Baked Mac And Cheese
Ingredients
- 1 pound elbow macaroni
- 2 tbsp kosher salt
- 6 tbsp unsalted butter
- 6 tbsp all-purpose flour
- 4 cups whole milk
- 1 cup half-and-half
- 1 tsp Dijon mustard
- 3/4 tsp fine sea salt
- 1/2 tsp ground black pepper
- 1/4 tsp ground nutmeg
- 1/4 tsp cayenne pepper
- 12 ounces sharp cheddar cheese, coarsely shredded
- 6 ounces Gruyère cheese, coarsely shredded
- 2 ounces Parmesan cheese, finely grated
- 1 cup panko breadcrumbs
- 2 tbsp unsalted butter – melted

Instructions
1. Preheat the oven to 375°F. Bring a large pot of water to a boil.
2. Stir the kosher salt into the boiling water, add the elbow macaroni, and cook until very al dente, 1–2 minutes shy of package time. Drain well.
3. Meanwhile, melt 6 tbsp unsalted butter in a large pot over medium heat. Whisk in the all-purpose flour and cook, whisking constantly, until foamy and blond, 2–3 minutes.
4. Gradually whisk in the whole milk and half-and-half, bringing the sauce to a gentle simmer. Cook, whisking often, until thick enough to coat the back of a spoon, 5–7 minutes.
5. Off the heat, whisk in the Dijon mustard, fine sea salt, ground black pepper, ground nutmeg, and cayenne pepper. Add the sharp cheddar cheese and Gruyère cheese by handfuls, stirring until fully melted and smooth.
6. Add the drained macaroni to the cheese sauce and fold to coat. Transfer the mixture to a 9×13-inch baking dish and spread evenly.
7. In a bowl, combine the panko breadcrumbs and Parmesan cheese. Pour in the 2 tbsp melted unsalted butter and toss until evenly moistened.
8. Sprinkle the breadcrumb mixture evenly over the macaroni. Bake until bubbling at the edges and the topping is golden brown, 20–25 minutes. Let rest 10 minutes before serving.

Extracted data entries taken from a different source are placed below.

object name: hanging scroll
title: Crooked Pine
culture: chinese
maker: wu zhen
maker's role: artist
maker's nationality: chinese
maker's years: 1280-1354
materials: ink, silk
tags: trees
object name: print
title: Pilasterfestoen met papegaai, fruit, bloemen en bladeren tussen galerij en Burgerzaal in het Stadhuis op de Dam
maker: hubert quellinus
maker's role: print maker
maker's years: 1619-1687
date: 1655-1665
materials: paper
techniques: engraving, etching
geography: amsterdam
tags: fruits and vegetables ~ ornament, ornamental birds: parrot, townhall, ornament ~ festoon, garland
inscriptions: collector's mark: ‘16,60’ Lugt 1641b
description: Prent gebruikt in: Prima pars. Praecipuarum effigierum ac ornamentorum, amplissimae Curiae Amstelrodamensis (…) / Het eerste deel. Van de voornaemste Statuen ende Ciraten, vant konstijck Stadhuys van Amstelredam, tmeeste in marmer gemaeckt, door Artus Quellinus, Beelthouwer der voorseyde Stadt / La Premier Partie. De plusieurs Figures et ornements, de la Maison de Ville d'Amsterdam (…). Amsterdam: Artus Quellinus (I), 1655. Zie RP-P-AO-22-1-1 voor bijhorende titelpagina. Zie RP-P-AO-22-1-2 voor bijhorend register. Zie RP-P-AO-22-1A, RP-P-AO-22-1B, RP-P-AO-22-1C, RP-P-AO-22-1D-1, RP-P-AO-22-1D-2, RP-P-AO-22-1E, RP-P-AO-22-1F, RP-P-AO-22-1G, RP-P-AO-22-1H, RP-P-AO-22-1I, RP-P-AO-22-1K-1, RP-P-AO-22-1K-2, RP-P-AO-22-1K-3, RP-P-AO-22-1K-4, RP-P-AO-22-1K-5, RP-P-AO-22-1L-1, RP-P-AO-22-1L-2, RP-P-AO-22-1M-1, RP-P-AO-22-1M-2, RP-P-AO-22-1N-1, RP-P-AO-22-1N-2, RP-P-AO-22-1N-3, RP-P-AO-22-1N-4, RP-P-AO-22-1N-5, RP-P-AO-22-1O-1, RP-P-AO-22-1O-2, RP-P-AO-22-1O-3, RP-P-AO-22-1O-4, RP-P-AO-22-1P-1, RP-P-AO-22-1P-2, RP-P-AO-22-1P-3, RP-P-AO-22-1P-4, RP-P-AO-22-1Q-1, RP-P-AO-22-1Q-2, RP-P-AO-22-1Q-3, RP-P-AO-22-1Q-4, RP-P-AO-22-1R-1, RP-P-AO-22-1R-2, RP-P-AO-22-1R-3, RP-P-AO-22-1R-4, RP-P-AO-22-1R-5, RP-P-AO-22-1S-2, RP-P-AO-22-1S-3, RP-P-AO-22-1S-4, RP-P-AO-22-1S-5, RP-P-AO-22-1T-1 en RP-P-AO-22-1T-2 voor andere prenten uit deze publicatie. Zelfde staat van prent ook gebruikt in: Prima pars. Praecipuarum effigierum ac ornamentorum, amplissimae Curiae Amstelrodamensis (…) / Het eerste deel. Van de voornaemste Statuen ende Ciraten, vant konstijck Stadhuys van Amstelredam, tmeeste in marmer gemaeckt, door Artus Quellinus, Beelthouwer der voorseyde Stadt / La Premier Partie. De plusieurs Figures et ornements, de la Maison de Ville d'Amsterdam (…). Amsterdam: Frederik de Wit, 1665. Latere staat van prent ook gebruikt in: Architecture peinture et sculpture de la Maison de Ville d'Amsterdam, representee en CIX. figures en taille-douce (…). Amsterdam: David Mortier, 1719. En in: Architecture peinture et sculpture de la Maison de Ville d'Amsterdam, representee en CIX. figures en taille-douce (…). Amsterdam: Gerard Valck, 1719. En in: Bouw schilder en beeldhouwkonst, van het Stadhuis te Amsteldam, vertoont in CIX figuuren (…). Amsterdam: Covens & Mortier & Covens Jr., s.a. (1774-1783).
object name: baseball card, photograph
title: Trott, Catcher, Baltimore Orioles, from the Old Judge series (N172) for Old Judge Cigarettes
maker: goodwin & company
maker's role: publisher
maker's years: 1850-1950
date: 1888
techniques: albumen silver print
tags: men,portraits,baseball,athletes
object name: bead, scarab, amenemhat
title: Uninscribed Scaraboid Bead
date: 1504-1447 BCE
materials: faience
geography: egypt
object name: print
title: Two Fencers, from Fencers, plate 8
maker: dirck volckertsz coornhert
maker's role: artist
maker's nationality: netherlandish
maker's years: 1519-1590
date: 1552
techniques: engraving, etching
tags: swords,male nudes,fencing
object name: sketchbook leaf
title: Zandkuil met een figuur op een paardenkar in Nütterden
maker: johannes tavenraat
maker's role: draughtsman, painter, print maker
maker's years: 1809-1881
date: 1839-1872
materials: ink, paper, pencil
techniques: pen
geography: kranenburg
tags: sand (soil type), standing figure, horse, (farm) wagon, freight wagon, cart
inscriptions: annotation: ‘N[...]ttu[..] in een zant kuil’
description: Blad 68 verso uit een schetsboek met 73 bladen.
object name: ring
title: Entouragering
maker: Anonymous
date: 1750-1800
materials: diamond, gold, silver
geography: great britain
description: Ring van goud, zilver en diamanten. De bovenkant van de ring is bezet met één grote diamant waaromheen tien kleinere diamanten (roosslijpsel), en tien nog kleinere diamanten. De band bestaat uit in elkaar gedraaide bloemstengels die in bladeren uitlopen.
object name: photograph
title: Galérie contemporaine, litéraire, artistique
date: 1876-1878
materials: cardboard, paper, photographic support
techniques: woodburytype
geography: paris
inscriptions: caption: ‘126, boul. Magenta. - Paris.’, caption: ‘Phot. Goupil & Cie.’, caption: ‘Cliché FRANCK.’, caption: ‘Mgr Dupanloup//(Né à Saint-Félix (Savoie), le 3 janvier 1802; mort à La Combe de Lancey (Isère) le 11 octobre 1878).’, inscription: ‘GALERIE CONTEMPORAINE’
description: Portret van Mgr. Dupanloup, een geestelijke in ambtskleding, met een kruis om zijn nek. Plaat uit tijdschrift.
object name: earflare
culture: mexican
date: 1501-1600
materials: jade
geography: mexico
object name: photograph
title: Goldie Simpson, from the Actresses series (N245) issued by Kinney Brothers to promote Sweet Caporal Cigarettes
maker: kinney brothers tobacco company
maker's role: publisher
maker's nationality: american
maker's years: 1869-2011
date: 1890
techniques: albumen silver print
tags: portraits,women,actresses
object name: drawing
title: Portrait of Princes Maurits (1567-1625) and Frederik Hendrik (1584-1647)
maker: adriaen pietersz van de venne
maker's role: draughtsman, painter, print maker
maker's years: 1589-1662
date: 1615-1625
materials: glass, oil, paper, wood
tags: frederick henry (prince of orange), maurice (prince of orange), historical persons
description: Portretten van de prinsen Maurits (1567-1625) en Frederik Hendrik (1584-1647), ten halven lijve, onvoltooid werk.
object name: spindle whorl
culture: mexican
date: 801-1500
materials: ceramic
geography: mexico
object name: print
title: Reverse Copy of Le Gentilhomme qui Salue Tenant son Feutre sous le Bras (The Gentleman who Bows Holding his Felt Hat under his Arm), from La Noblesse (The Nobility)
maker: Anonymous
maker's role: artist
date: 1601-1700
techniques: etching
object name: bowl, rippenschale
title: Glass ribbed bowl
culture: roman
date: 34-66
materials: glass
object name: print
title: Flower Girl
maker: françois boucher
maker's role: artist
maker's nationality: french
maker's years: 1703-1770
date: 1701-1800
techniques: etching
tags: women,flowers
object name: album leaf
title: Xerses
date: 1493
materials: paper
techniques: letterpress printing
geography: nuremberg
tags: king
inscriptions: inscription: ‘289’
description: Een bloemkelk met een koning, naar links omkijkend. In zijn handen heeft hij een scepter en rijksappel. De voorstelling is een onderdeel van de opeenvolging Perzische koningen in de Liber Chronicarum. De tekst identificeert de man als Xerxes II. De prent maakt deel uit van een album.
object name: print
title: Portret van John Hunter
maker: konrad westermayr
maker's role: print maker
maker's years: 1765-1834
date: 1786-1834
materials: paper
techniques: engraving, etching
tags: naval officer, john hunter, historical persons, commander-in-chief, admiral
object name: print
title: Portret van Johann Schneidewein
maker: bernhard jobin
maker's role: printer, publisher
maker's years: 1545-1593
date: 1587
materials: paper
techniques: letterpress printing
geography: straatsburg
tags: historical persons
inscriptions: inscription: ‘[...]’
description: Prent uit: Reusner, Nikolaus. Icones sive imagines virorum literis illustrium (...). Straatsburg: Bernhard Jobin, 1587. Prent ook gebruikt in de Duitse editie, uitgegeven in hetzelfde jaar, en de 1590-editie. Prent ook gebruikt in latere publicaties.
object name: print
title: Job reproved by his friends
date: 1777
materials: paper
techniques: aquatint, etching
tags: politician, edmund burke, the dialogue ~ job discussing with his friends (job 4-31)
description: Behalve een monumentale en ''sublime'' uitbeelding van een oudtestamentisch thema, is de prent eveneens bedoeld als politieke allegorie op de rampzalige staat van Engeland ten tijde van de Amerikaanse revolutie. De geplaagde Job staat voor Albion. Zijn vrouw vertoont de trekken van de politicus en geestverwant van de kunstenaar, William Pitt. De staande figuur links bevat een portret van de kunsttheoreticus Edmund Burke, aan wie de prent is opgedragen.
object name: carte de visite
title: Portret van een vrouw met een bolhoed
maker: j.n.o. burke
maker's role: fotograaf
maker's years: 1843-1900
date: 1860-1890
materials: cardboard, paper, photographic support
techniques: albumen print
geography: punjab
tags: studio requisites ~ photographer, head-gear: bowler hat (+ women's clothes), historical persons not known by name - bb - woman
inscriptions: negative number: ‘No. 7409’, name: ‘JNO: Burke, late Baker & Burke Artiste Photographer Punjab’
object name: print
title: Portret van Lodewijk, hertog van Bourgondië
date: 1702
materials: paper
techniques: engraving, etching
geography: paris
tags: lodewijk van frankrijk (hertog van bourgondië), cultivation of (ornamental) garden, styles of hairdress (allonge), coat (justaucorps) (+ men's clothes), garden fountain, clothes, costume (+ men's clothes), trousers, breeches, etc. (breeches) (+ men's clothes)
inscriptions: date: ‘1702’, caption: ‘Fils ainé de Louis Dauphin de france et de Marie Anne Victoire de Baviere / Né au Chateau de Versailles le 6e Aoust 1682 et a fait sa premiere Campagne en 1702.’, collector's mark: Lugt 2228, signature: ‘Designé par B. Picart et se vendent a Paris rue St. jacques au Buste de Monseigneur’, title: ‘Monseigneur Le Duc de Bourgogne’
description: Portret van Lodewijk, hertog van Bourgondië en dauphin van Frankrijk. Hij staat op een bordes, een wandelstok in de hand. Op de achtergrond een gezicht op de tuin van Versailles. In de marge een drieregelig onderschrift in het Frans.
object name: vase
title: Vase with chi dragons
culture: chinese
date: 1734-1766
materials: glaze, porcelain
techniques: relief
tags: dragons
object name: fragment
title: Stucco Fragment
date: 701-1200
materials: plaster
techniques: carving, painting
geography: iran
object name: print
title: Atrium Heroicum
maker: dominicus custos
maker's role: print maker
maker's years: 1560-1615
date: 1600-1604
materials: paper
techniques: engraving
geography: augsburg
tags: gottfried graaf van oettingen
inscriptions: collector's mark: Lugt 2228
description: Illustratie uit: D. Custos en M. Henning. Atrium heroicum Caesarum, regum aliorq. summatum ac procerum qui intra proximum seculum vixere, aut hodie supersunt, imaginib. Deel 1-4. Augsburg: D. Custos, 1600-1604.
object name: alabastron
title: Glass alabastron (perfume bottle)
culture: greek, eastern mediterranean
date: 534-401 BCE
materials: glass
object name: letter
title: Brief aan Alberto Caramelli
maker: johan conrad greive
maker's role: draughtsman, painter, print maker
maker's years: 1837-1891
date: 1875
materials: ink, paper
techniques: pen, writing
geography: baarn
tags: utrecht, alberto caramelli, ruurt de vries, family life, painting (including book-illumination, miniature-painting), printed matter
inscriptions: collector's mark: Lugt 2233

Baked mac and cheese is a creamy, comforting pasta casserole with tender elbows enveloped in a velvety cheese sauce and finished under the heat of the oven for a bubbling, golden crust. The contrast between the saucy interior and the crisp, buttery breadcrumb top makes each bite balanced and deeply satisfying. Sharp cheddar brings tang and richness, while a secondary cheese like Gruyère adds nutty depth and exceptional melt.
This dish is a pillar of American home cooking, with roots reaching back to adaptations of European pasta-and-cheese gratins. Early American versions were popularized in the 19th century, appearing in community and church cookbooks, and they grew into a household staple through both homemade bakes and boxed stovetop variants. The baked casserole style endures as a celebratory and potluck favorite, bridging weeknight comfort with holiday tradition.